Cemetery concerns could be put to rest with land swap

Anchorage cemetery director says proper soil conditions can be of critical importance

Posted: Tuesday, June 14, 2005

KENAI - There are 57 graveyards on the Kenai Peninsula, but not one in Soldotna.

Now, the Kenai Peninsula Borough and the city of Soldotna are working on a land swap - Soldotna's 17-acre Arc Lake section for the borough's 10-acres tract on West Redoubt Avenue.

If approved at the July 12 Borough Assembly meeting, the city would develop a cemetery and the borough would have some additional buffer space around its landfill.

Establishing a cemetery is long overdue, Soldotna Mayor Dave Carey said. More than two years ago, he appointed a task force to look for a good spot.

"Older residents in the area have said they want an area that is closer and easily accessible," Carey said. "I still have my mother's ashes at my home because she was very clear that she wanted to be buried in Soldotna. This is her home."

Carey said he hopes the idea doesn't die at the borough meeting.

"I hope it's successful this time," he said.

In the budget approved by the City Council last week, there are funds set aside for either the Soldotna Public Works or Parks and Recreation Department to oversee the maintenance while grave-digging would be done by contract, Carey said.

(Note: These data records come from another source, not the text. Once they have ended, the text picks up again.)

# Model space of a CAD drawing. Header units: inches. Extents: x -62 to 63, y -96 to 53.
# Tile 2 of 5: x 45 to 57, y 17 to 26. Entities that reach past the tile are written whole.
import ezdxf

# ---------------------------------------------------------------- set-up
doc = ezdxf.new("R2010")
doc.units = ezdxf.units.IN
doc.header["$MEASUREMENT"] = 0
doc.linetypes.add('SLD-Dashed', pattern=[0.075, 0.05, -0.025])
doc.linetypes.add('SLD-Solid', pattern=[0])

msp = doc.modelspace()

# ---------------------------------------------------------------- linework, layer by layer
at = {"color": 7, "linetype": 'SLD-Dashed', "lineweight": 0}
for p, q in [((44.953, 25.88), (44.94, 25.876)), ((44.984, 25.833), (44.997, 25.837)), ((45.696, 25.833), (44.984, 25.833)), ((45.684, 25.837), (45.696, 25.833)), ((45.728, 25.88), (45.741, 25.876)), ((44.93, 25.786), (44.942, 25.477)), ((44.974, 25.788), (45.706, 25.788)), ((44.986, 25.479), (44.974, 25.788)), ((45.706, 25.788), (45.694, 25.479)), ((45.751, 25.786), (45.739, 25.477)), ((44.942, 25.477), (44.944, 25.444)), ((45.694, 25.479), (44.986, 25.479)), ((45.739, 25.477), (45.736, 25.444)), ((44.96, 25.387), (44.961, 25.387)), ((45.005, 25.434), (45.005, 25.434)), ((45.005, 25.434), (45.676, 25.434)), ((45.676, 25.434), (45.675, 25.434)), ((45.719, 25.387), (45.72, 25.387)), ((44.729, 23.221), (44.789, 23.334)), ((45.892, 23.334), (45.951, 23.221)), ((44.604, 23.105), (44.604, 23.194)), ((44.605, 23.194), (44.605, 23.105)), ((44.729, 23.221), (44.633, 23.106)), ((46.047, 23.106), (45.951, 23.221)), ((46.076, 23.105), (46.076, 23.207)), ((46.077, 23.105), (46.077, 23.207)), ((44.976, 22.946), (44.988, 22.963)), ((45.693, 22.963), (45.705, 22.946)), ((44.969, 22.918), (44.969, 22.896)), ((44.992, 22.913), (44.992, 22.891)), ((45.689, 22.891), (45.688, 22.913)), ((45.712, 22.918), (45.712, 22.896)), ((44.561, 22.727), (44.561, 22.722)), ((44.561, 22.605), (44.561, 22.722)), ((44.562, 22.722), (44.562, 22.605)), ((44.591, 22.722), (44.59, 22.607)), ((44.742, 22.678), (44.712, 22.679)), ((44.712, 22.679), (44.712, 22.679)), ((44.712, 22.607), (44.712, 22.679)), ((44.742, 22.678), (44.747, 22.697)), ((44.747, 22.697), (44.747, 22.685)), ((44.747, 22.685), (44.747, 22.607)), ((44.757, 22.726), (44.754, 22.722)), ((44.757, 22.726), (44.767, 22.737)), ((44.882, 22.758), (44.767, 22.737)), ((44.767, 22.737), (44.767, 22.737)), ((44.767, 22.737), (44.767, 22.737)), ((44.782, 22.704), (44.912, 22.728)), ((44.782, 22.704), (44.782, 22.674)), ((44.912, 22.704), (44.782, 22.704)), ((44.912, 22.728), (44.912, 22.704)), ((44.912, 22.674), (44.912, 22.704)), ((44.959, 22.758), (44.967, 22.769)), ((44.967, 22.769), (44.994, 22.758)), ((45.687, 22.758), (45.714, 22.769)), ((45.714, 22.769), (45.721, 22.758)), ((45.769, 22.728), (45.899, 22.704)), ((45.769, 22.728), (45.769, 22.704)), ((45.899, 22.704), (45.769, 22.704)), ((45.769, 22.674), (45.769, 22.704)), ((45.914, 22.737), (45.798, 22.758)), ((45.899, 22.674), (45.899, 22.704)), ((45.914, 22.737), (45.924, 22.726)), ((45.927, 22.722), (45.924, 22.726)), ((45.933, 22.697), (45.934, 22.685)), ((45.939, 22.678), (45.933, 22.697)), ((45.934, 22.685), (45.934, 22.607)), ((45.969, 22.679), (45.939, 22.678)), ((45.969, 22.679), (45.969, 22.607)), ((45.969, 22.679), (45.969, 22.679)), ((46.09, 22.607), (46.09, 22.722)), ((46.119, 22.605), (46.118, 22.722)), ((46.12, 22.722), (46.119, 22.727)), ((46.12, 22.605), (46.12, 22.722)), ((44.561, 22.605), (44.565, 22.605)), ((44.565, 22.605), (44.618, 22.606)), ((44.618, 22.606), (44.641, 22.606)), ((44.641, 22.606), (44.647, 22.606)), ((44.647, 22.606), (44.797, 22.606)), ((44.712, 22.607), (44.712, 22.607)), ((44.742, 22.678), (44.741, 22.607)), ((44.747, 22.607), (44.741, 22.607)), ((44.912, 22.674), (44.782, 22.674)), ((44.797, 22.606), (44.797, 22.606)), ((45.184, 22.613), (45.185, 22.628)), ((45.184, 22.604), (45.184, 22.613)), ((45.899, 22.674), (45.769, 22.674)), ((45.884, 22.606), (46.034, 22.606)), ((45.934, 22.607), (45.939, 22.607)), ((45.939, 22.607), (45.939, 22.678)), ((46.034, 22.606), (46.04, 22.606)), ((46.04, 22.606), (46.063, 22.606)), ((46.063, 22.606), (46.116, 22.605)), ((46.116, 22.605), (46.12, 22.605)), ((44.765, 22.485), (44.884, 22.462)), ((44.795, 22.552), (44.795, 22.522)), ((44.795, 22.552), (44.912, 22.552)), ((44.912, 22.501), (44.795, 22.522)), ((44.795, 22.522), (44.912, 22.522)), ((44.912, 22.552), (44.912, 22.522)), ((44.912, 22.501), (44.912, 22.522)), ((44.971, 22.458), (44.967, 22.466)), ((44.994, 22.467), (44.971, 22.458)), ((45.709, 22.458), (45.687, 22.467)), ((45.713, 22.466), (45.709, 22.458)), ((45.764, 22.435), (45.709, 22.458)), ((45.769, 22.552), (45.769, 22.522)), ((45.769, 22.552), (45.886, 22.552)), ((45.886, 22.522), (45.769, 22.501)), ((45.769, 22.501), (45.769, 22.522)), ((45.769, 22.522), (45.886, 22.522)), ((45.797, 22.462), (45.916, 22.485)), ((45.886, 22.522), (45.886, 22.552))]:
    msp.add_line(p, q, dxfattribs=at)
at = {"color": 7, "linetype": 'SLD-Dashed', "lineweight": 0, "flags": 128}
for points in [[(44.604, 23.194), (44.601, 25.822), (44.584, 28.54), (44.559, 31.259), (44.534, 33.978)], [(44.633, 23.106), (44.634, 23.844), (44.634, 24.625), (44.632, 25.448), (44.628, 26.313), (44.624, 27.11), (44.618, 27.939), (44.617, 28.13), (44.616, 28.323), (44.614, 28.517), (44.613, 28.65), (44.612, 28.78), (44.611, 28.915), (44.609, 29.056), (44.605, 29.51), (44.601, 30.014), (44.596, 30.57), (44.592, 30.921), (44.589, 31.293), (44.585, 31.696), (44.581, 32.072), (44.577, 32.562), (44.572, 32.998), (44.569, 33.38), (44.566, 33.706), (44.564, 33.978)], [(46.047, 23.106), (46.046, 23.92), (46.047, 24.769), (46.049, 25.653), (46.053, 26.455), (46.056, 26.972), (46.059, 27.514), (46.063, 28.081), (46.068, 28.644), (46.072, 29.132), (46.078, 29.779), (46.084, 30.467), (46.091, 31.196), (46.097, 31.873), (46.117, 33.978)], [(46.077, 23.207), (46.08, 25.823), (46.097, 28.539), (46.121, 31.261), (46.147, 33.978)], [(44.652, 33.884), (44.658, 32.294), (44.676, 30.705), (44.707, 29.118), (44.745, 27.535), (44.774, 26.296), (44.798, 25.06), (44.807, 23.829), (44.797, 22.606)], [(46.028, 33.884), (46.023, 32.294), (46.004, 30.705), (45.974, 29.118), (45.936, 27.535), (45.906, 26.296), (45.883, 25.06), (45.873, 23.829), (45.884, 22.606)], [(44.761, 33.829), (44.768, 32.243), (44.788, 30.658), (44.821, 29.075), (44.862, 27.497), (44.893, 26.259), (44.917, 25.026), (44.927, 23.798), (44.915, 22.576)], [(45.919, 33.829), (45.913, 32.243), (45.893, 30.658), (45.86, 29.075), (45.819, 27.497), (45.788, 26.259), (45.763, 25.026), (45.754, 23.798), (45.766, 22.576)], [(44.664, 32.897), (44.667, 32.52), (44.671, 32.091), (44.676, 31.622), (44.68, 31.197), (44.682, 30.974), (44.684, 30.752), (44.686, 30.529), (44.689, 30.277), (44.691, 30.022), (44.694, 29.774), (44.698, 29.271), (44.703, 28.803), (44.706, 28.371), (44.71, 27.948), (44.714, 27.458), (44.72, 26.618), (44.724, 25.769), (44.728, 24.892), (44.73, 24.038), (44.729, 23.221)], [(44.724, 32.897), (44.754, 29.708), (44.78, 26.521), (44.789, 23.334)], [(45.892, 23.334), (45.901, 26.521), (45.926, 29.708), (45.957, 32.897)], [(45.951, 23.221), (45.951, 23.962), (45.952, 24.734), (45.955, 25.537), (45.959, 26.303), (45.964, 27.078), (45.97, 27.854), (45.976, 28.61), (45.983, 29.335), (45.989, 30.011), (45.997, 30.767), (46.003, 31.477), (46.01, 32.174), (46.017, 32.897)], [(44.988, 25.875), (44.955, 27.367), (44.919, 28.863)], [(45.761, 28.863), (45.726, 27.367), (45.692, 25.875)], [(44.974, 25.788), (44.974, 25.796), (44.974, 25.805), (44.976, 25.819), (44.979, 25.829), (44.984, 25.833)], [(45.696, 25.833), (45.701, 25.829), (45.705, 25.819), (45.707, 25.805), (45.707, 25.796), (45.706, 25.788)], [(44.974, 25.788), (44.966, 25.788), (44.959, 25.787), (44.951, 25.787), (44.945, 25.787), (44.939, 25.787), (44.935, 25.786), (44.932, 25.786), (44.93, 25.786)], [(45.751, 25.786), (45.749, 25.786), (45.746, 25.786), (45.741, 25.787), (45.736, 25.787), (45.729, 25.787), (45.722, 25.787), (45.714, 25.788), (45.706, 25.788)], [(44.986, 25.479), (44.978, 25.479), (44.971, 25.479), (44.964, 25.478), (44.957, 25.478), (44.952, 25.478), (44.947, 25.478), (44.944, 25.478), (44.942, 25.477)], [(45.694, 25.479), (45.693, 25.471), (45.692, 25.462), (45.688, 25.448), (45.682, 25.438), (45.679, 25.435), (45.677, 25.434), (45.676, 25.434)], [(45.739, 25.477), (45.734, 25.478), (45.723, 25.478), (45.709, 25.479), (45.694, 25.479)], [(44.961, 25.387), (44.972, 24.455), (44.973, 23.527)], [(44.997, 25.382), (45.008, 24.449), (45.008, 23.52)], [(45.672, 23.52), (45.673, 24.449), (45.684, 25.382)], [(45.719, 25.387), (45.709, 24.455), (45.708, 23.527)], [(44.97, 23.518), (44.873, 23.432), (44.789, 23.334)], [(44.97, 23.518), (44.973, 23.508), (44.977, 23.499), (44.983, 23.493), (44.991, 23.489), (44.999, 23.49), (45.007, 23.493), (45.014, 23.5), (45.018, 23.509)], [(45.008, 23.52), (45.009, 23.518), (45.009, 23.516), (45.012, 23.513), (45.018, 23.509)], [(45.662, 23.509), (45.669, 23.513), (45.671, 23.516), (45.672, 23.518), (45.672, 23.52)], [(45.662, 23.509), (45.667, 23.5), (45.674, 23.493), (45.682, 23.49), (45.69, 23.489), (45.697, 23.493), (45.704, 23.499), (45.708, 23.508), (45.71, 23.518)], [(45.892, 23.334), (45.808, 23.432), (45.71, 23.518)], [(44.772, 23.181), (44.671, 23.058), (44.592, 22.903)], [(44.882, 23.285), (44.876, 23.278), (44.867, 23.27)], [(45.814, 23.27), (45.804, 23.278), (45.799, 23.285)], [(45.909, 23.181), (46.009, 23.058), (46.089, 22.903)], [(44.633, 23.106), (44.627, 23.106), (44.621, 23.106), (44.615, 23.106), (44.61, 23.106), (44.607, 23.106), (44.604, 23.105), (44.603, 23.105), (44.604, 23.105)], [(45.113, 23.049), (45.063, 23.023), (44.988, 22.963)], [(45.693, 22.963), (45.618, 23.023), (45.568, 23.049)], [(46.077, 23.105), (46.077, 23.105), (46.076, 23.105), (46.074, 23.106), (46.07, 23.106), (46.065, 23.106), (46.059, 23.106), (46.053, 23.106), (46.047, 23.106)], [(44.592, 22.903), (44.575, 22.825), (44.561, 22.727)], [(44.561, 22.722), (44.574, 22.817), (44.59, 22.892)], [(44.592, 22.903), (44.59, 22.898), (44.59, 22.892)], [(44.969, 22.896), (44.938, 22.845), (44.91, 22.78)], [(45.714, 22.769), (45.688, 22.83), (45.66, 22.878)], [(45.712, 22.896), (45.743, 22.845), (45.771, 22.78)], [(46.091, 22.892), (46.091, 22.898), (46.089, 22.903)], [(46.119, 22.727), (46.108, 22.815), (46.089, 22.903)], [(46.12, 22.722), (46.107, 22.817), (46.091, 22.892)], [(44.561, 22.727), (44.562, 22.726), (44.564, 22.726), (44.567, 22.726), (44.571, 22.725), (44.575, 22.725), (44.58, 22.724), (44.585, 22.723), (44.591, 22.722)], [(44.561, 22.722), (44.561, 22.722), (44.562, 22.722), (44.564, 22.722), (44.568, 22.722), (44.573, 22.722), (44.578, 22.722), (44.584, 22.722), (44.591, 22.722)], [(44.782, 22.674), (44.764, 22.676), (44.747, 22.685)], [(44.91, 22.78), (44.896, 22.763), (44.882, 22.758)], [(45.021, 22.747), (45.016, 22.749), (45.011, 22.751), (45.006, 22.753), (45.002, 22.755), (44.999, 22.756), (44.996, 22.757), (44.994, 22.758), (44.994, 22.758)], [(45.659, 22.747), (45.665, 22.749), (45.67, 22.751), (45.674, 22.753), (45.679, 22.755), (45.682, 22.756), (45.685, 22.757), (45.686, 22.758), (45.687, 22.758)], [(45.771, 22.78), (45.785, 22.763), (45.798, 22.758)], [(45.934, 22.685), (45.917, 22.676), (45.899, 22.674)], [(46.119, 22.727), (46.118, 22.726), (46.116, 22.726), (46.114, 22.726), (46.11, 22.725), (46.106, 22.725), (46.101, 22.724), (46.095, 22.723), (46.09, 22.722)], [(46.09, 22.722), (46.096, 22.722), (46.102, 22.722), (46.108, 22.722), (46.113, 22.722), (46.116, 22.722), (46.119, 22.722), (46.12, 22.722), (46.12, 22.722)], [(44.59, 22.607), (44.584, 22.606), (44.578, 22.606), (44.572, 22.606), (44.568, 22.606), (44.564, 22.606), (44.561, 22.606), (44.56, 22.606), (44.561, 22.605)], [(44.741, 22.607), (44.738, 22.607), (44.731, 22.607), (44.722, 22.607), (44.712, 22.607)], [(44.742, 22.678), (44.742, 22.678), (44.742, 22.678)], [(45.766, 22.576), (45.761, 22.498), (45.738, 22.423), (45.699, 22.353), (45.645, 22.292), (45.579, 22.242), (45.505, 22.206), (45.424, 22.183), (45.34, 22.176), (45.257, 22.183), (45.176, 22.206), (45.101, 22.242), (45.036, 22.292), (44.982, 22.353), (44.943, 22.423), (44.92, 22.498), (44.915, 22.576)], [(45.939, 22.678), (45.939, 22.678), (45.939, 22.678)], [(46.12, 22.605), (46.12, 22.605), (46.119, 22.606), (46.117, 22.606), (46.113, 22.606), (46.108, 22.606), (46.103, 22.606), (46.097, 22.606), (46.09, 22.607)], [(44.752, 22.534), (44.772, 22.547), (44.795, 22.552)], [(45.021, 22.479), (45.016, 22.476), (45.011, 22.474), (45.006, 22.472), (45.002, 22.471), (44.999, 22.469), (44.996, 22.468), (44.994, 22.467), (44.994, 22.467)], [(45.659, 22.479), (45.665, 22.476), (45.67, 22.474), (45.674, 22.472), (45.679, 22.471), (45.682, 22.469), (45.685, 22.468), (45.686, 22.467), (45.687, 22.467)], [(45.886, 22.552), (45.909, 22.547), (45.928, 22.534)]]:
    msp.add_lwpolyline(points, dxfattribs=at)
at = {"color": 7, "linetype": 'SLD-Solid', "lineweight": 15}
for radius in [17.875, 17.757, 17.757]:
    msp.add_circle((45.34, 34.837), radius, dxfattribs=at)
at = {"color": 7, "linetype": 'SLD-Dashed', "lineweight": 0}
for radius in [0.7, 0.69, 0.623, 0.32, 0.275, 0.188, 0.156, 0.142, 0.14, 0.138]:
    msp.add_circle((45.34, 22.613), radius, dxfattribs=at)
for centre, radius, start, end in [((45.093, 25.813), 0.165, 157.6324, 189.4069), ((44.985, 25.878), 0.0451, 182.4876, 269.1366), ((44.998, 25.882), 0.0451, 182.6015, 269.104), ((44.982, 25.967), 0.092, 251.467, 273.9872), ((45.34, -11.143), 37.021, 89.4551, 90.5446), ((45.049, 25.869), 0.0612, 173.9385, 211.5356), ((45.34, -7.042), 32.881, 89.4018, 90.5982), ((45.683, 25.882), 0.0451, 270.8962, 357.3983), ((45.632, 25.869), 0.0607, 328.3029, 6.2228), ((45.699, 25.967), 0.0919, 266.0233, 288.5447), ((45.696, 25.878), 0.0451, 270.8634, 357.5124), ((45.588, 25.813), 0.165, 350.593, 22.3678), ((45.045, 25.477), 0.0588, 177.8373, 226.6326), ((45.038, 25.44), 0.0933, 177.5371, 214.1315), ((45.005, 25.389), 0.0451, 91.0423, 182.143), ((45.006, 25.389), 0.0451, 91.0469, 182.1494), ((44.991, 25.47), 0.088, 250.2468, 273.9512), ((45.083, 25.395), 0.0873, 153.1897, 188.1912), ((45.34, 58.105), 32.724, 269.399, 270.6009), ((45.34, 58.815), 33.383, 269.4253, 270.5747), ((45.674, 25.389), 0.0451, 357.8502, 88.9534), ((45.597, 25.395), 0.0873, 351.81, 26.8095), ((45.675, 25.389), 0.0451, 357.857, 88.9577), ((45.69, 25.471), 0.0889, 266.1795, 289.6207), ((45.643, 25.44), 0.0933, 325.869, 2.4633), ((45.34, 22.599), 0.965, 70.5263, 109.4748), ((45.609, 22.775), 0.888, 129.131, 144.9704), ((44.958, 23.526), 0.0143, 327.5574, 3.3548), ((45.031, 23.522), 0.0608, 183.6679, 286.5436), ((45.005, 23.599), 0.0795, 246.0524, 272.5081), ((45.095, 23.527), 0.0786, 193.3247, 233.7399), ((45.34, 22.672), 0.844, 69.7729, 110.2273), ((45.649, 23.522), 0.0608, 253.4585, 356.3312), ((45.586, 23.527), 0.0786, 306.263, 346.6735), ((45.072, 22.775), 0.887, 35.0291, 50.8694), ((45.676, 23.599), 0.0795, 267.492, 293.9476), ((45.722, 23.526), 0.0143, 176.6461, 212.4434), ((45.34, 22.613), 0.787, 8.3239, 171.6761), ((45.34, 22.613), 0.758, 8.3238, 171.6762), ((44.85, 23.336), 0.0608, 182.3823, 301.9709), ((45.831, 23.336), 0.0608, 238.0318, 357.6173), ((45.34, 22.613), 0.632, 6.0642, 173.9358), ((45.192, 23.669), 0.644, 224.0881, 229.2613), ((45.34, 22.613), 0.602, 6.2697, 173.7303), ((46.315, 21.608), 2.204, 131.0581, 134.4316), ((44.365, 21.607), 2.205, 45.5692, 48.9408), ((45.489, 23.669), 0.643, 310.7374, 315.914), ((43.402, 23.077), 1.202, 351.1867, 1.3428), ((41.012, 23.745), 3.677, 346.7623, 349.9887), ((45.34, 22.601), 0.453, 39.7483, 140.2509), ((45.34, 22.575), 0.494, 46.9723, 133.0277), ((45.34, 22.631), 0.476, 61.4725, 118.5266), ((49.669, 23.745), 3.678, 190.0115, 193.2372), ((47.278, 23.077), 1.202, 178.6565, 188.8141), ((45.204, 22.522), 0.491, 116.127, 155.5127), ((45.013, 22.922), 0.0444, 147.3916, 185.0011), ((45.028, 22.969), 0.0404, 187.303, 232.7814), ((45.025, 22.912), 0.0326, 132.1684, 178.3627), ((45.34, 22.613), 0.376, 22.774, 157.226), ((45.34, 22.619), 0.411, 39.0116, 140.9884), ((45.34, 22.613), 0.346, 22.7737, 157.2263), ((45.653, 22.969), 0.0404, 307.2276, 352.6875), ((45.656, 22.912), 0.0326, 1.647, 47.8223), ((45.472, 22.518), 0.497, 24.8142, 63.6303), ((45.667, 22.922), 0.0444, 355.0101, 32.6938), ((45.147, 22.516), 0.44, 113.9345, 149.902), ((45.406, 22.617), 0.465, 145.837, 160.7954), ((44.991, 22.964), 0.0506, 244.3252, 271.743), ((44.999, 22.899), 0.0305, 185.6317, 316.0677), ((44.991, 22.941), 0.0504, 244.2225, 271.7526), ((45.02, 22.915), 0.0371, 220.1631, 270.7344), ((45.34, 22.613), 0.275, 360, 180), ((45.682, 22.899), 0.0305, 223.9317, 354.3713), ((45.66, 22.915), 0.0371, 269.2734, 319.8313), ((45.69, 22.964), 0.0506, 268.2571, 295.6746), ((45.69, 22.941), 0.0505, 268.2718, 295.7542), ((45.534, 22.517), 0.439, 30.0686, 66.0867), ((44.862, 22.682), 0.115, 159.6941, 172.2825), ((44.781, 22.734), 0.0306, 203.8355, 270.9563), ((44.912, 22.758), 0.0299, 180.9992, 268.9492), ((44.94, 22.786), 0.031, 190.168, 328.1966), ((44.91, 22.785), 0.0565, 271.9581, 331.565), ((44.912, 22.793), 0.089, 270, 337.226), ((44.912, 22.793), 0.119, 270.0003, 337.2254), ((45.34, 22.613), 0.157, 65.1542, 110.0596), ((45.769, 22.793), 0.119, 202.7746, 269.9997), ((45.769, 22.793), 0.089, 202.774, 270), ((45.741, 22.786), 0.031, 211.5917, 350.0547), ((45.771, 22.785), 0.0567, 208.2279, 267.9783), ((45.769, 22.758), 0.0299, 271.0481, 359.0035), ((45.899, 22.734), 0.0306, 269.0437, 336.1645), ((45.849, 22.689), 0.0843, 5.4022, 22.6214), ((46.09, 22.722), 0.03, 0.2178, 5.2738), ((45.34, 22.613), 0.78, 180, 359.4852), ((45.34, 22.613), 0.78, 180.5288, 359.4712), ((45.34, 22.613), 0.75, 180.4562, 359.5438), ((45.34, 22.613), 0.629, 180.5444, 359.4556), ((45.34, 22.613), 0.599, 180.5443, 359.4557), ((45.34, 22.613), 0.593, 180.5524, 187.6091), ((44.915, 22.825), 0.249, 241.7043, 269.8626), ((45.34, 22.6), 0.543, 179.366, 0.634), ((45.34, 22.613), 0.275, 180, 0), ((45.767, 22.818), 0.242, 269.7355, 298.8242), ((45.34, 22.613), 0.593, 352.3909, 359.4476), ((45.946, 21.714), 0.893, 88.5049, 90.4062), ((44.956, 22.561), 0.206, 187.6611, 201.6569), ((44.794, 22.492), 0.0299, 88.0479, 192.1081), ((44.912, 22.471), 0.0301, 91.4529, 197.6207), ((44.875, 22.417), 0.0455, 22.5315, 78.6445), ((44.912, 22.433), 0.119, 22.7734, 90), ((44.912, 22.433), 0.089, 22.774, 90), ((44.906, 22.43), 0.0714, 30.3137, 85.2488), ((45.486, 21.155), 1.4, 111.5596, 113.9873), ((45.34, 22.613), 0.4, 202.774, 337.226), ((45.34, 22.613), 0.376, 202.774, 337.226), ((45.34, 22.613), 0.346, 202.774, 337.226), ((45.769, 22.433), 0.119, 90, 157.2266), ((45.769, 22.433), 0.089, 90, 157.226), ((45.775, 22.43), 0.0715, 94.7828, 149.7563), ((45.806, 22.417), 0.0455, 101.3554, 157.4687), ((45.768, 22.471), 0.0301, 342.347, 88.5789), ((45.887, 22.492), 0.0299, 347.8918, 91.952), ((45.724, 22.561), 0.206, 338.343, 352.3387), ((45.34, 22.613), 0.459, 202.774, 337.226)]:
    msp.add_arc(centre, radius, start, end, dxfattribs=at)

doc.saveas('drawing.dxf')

Task force member Barbara Jewell, who is also a member of the Soldotna Historical Society, has been encouraging the city to develop a piece of property for several years with the conviction that a cemetery is important for any community.

"It's a good historical marker," Jewell said. "It's fascinating to look at the chronological order of a city, and we hope this works."

The society and task force found the West Redoubt parcel to be an ideal place for a cemetery.

"The utilities are there. We feel it's a top-notch spot a nice peaceful setting," Jewell said.

Anchorage cemetery director Don Warden also shared his expertise with the task force. Proper soil conditions were critical in finding a location, he said.

"They dug a test grave and the soil looked really good. There's no worry with the water table and there is room enough to grow as time goes on," Warden said. "That's a very nice section of land. I recommend it."

Warden also recommended the city leave 10 percent undeveloped for roads and some for landscaping. It should be designed with the future in mind. A well-designed cemetery would need a fence or wall, some sort of columbarium (a tomb for cremated remains) and sections for infants and veterans.

"Like we say in the business, the cemetery is forever," Warden said.

Peninsula Memorial Chapel and Crematory owner and director Tim Wisniewski said Soldotna families burying their loved ones likely would use a city cemetery.

"A cemetery run professionally that looks nice won't be anything people will even think twice about using," Wisniewski said. "I know Soldotna would do a good job and be committed to keeping it up."